**HOW TO COMPLETE THIS TASK**
The answer must be the full data, restated word for word, with no pictures in it.

----------

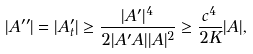<formula> <loc_0><loc_0><loc_500><loc_500>| A ^ { \prime \prime } | = | A ^ { \prime } _ { t } | \geq \frac { | A ^ { \prime } | ^ { 4 } } { 2 | A ^ { \prime } A | | A | ^ { 2 } } \geq \frac { c ^ { 4 } } { 2 K } | A | ,</formula> 
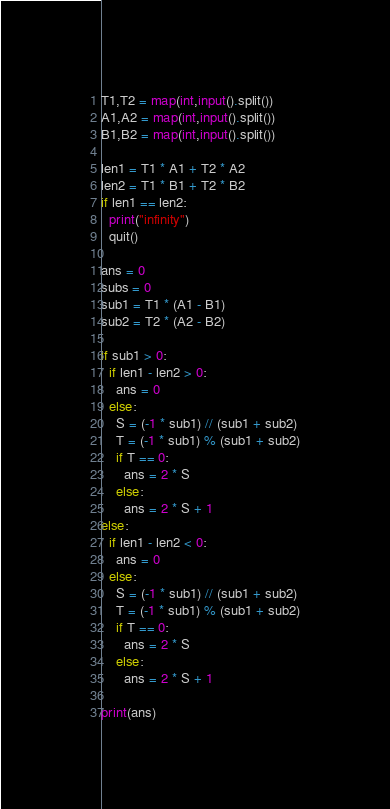<code> <loc_0><loc_0><loc_500><loc_500><_Python_>T1,T2 = map(int,input().split())
A1,A2 = map(int,input().split())
B1,B2 = map(int,input().split())

len1 = T1 * A1 + T2 * A2
len2 = T1 * B1 + T2 * B2
if len1 == len2:
  print("infinity")
  quit()

ans = 0
subs = 0  
sub1 = T1 * (A1 - B1)
sub2 = T2 * (A2 - B2)

if sub1 > 0:
  if len1 - len2 > 0:
    ans = 0
  else:
    S = (-1 * sub1) // (sub1 + sub2)
    T = (-1 * sub1) % (sub1 + sub2)
    if T == 0:
      ans = 2 * S
    else:
      ans = 2 * S + 1
else:
  if len1 - len2 < 0:
    ans = 0
  else:
    S = (-1 * sub1) // (sub1 + sub2)
    T = (-1 * sub1) % (sub1 + sub2)
    if T == 0:
      ans = 2 * S
    else:
      ans = 2 * S + 1
    
print(ans) </code> 
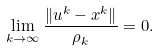<formula> <loc_0><loc_0><loc_500><loc_500>\lim _ { k \to \infty } \frac { \| u ^ { k } - x ^ { k } \| } { \rho _ { k } } = 0 .</formula> 
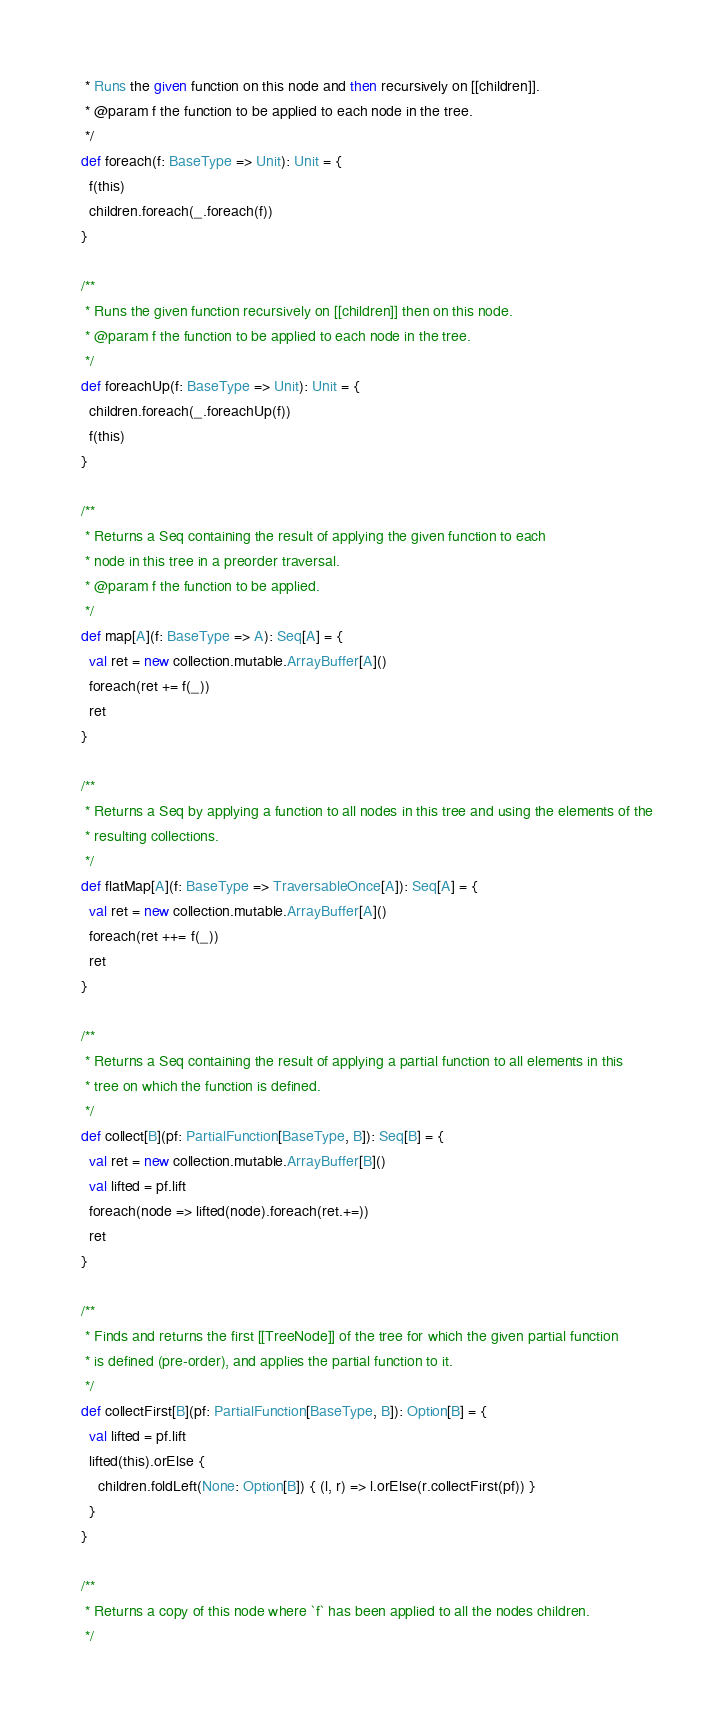Convert code to text. <code><loc_0><loc_0><loc_500><loc_500><_Scala_>   * Runs the given function on this node and then recursively on [[children]].
   * @param f the function to be applied to each node in the tree.
   */
  def foreach(f: BaseType => Unit): Unit = {
    f(this)
    children.foreach(_.foreach(f))
  }

  /**
   * Runs the given function recursively on [[children]] then on this node.
   * @param f the function to be applied to each node in the tree.
   */
  def foreachUp(f: BaseType => Unit): Unit = {
    children.foreach(_.foreachUp(f))
    f(this)
  }

  /**
   * Returns a Seq containing the result of applying the given function to each
   * node in this tree in a preorder traversal.
   * @param f the function to be applied.
   */
  def map[A](f: BaseType => A): Seq[A] = {
    val ret = new collection.mutable.ArrayBuffer[A]()
    foreach(ret += f(_))
    ret
  }

  /**
   * Returns a Seq by applying a function to all nodes in this tree and using the elements of the
   * resulting collections.
   */
  def flatMap[A](f: BaseType => TraversableOnce[A]): Seq[A] = {
    val ret = new collection.mutable.ArrayBuffer[A]()
    foreach(ret ++= f(_))
    ret
  }

  /**
   * Returns a Seq containing the result of applying a partial function to all elements in this
   * tree on which the function is defined.
   */
  def collect[B](pf: PartialFunction[BaseType, B]): Seq[B] = {
    val ret = new collection.mutable.ArrayBuffer[B]()
    val lifted = pf.lift
    foreach(node => lifted(node).foreach(ret.+=))
    ret
  }

  /**
   * Finds and returns the first [[TreeNode]] of the tree for which the given partial function
   * is defined (pre-order), and applies the partial function to it.
   */
  def collectFirst[B](pf: PartialFunction[BaseType, B]): Option[B] = {
    val lifted = pf.lift
    lifted(this).orElse {
      children.foldLeft(None: Option[B]) { (l, r) => l.orElse(r.collectFirst(pf)) }
    }
  }

  /**
   * Returns a copy of this node where `f` has been applied to all the nodes children.
   */</code> 
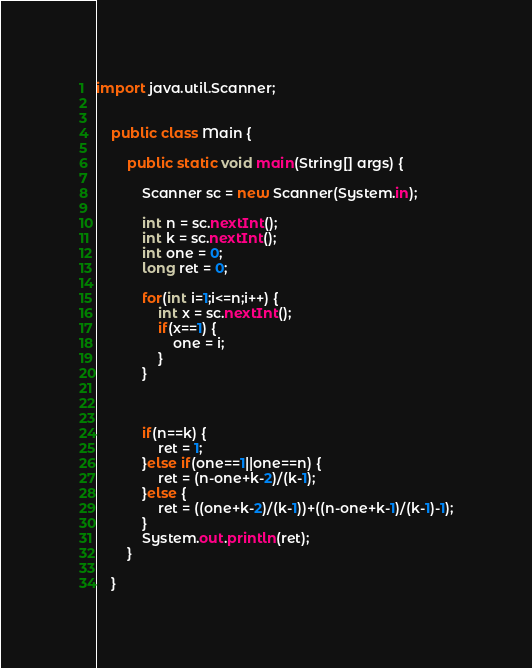Convert code to text. <code><loc_0><loc_0><loc_500><loc_500><_Java_>import java.util.Scanner;


	public class Main {

		public static void main(String[] args) {

			Scanner sc = new Scanner(System.in);

			int n = sc.nextInt();
			int k = sc.nextInt();
			int one = 0;
			long ret = 0;
			
			for(int i=1;i<=n;i++) {
				int x = sc.nextInt();
				if(x==1) {
					one = i;
				}
			}
			
			
			
			if(n==k) {
				ret = 1;
			}else if(one==1||one==n) {
				ret = (n-one+k-2)/(k-1);				
			}else {
				ret = ((one+k-2)/(k-1))+((n-one+k-1)/(k-1)-1);
			}
			System.out.println(ret);
		}

	}
</code>

----------

**SOLUTION FOR THIS EXERCISE**
<formula> <loc_0><loc_0><loc_500><loc_500>| A ^ { \prime \prime } | = | A ^ { \prime } _ { t } | \geq \frac { | A ^ { \prime } | ^ { 4 } } { 2 | A ^ { \prime } A | | A | ^ { 2 } } \geq \frac { c ^ { 4 } } { 2 K } | A | ,</formula> 
<code> <loc_0><loc_0><loc_500><loc_500><_Python_>T1,T2 = map(int,input().split())
A1,A2 = map(int,input().split())
B1,B2 = map(int,input().split())

len1 = T1 * A1 + T2 * A2
len2 = T1 * B1 + T2 * B2
if len1 == len2:
  print("infinity")
  quit()

ans = 0
subs = 0  
sub1 = T1 * (A1 - B1)
sub2 = T2 * (A2 - B2)

if sub1 > 0:
  if len1 - len2 > 0:
    ans = 0
  else:
    S = (-1 * sub1) // (sub1 + sub2)
    T = (-1 * sub1) % (sub1 + sub2)
    if T == 0:
      ans = 2 * S
    else:
      ans = 2 * S + 1
else:
  if len1 - len2 < 0:
    ans = 0
  else:
    S = (-1 * sub1) // (sub1 + sub2)
    T = (-1 * sub1) % (sub1 + sub2)
    if T == 0:
      ans = 2 * S
    else:
      ans = 2 * S + 1
    
print(ans) </code> 
<formula> <loc_0><loc_0><loc_500><loc_500>\lim _ { k \to \infty } \frac { \| u ^ { k } - x ^ { k } \| } { \rho _ { k } } = 0 .</formula> 
Convert code to text. <code><loc_0><loc_0><loc_500><loc_500><_Scala_>   * Runs the given function on this node and then recursively on [[children]].
   * @param f the function to be applied to each node in the tree.
   */
  def foreach(f: BaseType => Unit): Unit = {
    f(this)
    children.foreach(_.foreach(f))
  }

  /**
   * Runs the given function recursively on [[children]] then on this node.
   * @param f the function to be applied to each node in the tree.
   */
  def foreachUp(f: BaseType => Unit): Unit = {
    children.foreach(_.foreachUp(f))
    f(this)
  }

  /**
   * Returns a Seq containing the result of applying the given function to each
   * node in this tree in a preorder traversal.
   * @param f the function to be applied.
   */
  def map[A](f: BaseType => A): Seq[A] = {
    val ret = new collection.mutable.ArrayBuffer[A]()
    foreach(ret += f(_))
    ret
  }

  /**
   * Returns a Seq by applying a function to all nodes in this tree and using the elements of the
   * resulting collections.
   */
  def flatMap[A](f: BaseType => TraversableOnce[A]): Seq[A] = {
    val ret = new collection.mutable.ArrayBuffer[A]()
    foreach(ret ++= f(_))
    ret
  }

  /**
   * Returns a Seq containing the result of applying a partial function to all elements in this
   * tree on which the function is defined.
   */
  def collect[B](pf: PartialFunction[BaseType, B]): Seq[B] = {
    val ret = new collection.mutable.ArrayBuffer[B]()
    val lifted = pf.lift
    foreach(node => lifted(node).foreach(ret.+=))
    ret
  }

  /**
   * Finds and returns the first [[TreeNode]] of the tree for which the given partial function
   * is defined (pre-order), and applies the partial function to it.
   */
  def collectFirst[B](pf: PartialFunction[BaseType, B]): Option[B] = {
    val lifted = pf.lift
    lifted(this).orElse {
      children.foldLeft(None: Option[B]) { (l, r) => l.orElse(r.collectFirst(pf)) }
    }
  }

  /**
   * Returns a copy of this node where `f` has been applied to all the nodes children.
   */</code> 
Convert code to text. <code><loc_0><loc_0><loc_500><loc_500><_Java_>import java.util.Scanner;


	public class Main {

		public static void main(String[] args) {

			Scanner sc = new Scanner(System.in);

			int n = sc.nextInt();
			int k = sc.nextInt();
			int one = 0;
			long ret = 0;
			
			for(int i=1;i<=n;i++) {
				int x = sc.nextInt();
				if(x==1) {
					one = i;
				}
			}
			
			
			
			if(n==k) {
				ret = 1;
			}else if(one==1||one==n) {
				ret = (n-one+k-2)/(k-1);				
			}else {
				ret = ((one+k-2)/(k-1))+((n-one+k-1)/(k-1)-1);
			}
			System.out.println(ret);
		}

	}
</code>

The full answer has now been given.